YOUR ASSIGNMENT:
Could you transcribe every record below exactly as written, leaving out any pictures?

(Data extracted from a collection)
==*==

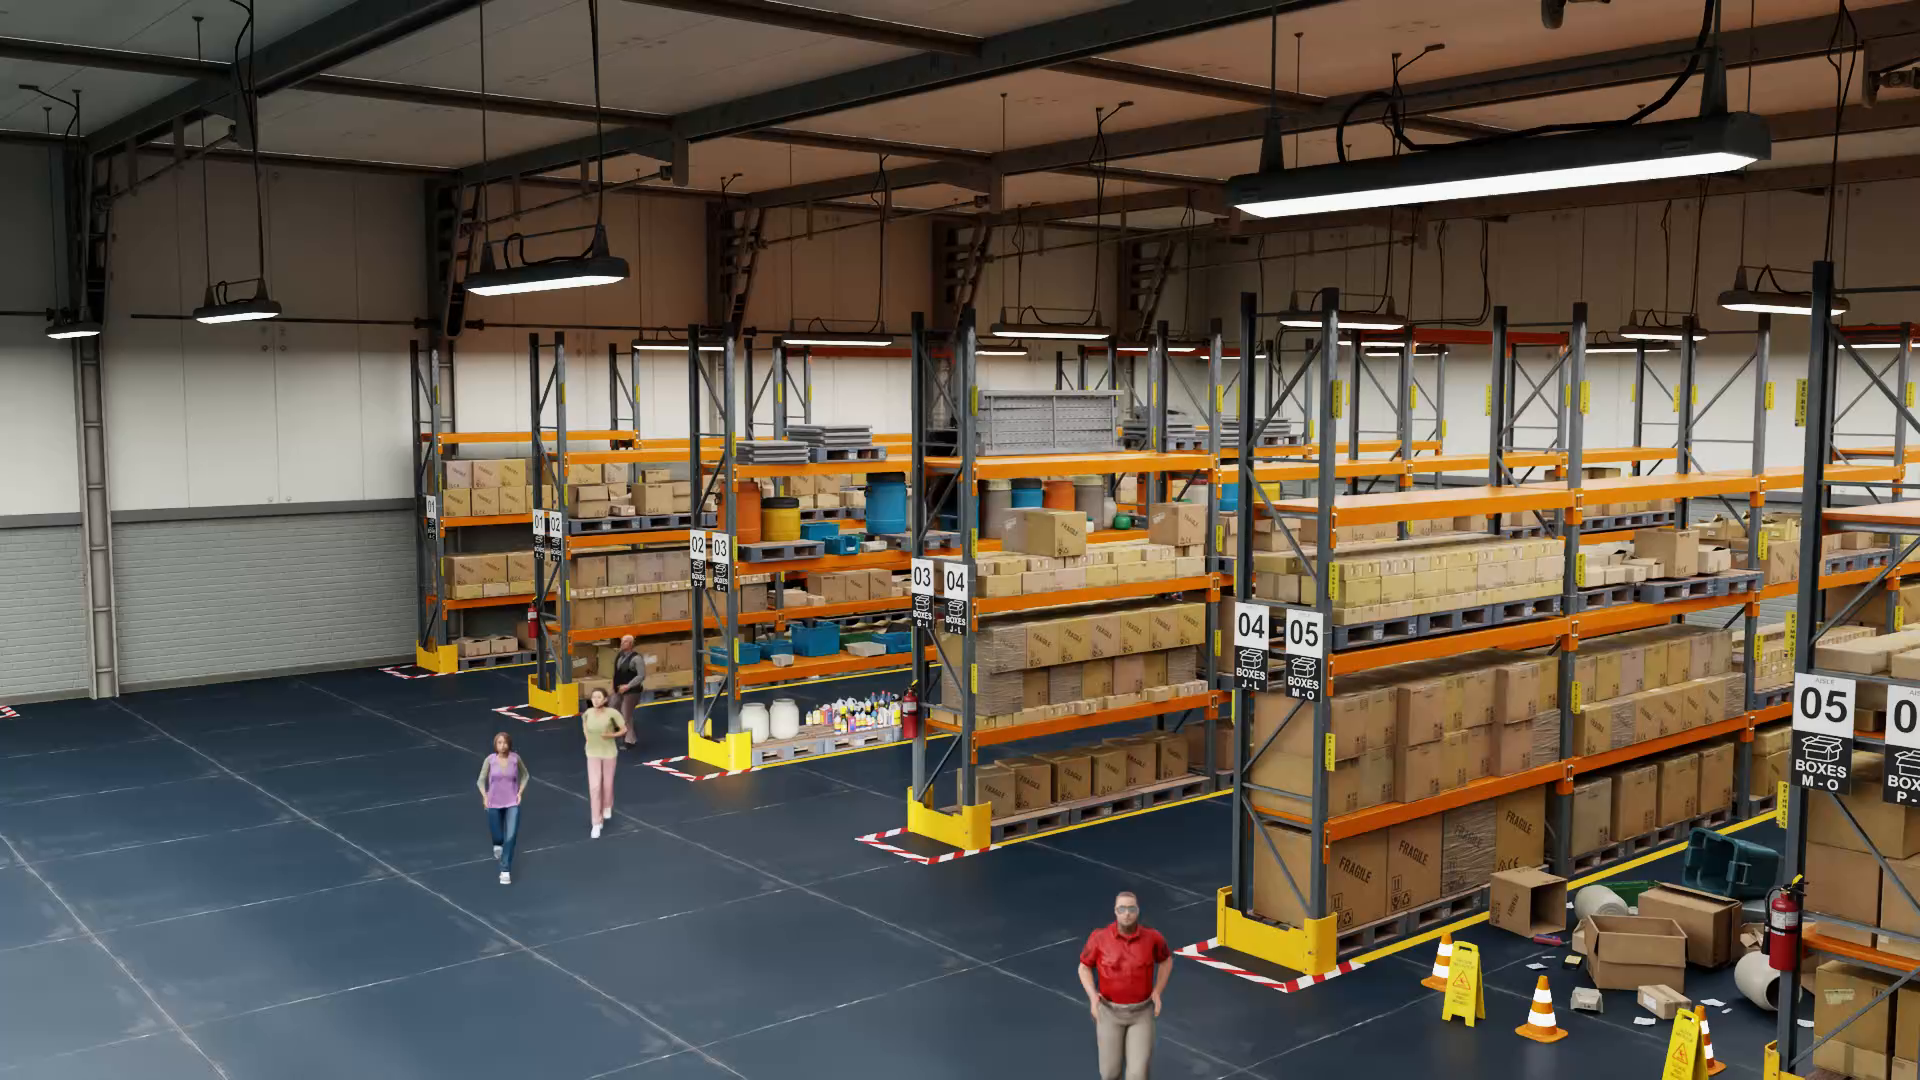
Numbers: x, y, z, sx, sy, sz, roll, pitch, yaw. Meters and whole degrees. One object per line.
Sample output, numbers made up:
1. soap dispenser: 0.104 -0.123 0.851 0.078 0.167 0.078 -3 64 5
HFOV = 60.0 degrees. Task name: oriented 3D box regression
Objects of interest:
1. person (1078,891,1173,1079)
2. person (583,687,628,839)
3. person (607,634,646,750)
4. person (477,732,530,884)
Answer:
1. person: 1.143 3.301 11.525 0.646 1.633 0.752 0 5 1
2. person: -4.142 2.538 19.377 0.558 1.693 0.894 0 5 -3
3. person: -4.747 2.161 23.588 0.665 1.660 0.527 4 7 39
4. person: -4.789 2.783 17.473 0.536 1.563 0.618 -2 6 -18

==*==

COMPLETED EXERCISE:
Numbers: x, y, z, sx, sy, sz, roll, pitch, yaw. Meters and whole degrees. One object per line.
Sample output, numbers made up:
1. soap dispenser: 0.104 -0.123 0.851 0.078 0.167 0.078 -3 64 5
HFOV = 60.0 degrees. Task name: oriented 3D box regression
Objects of interest:
1. person (1078,891,1173,1079)
2. person (583,687,628,839)
3. person (607,634,646,750)
4. person (477,732,530,884)
Answer:
1. person: 1.143 3.301 11.525 0.646 1.633 0.752 0 5 1
2. person: -4.142 2.538 19.377 0.558 1.693 0.894 0 5 -3
3. person: -4.747 2.161 23.588 0.665 1.660 0.527 4 7 39
4. person: -4.789 2.783 17.473 0.536 1.563 0.618 -2 6 -18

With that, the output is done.